--- LISTED RECORDS ---
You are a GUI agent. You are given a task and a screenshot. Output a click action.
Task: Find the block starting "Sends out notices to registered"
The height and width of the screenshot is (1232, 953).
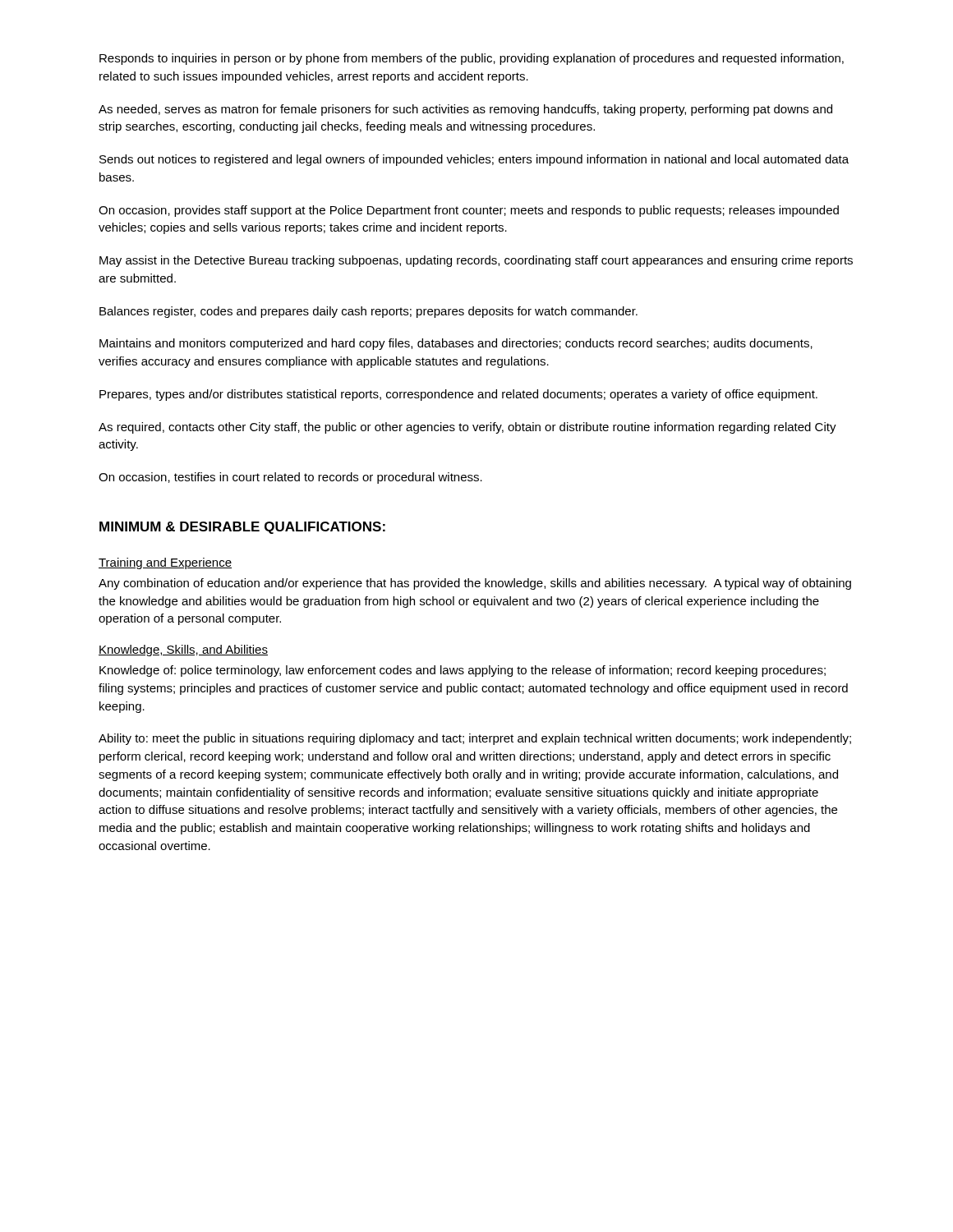[474, 168]
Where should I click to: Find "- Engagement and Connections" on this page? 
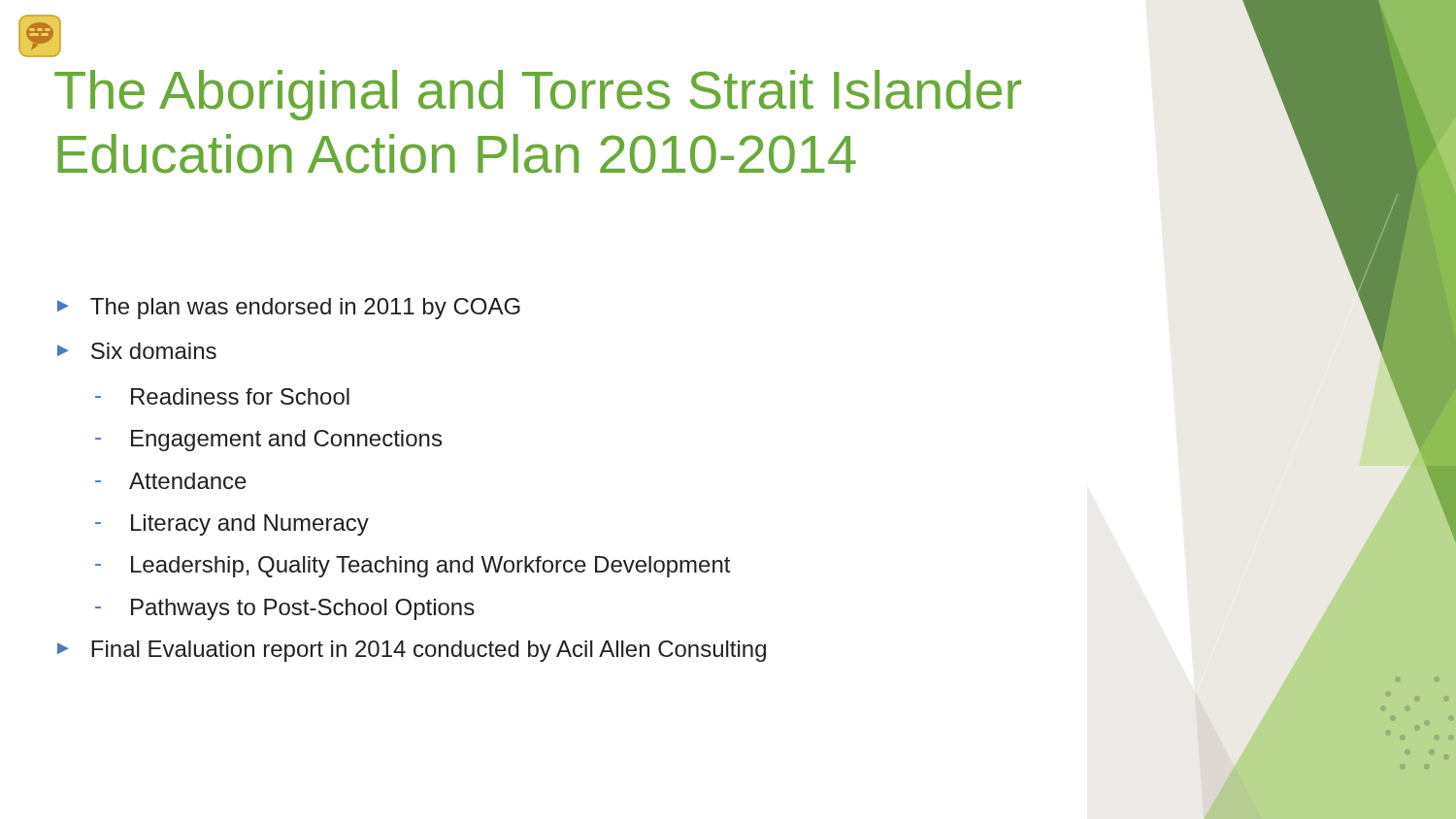tap(268, 439)
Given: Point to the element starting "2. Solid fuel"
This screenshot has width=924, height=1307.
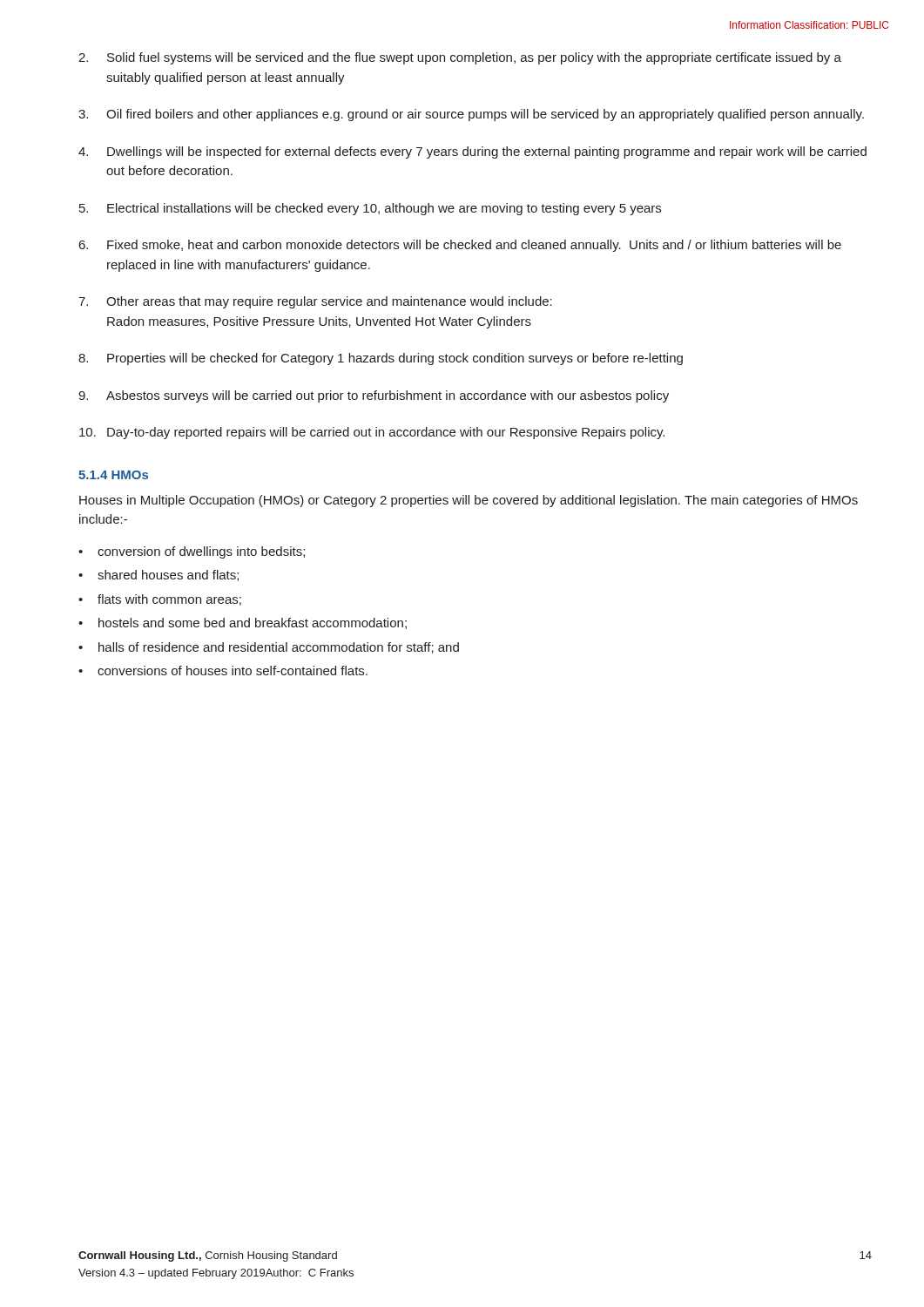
---
TASK DESCRIPTION. Lines holding the word "starting" are the answer; copy each one from the records above.

SOLUTION FOR THIS TASK.
Task: Find the block starting "Sends out notices to registered"
Given: Point to the element starting "2. Solid fuel"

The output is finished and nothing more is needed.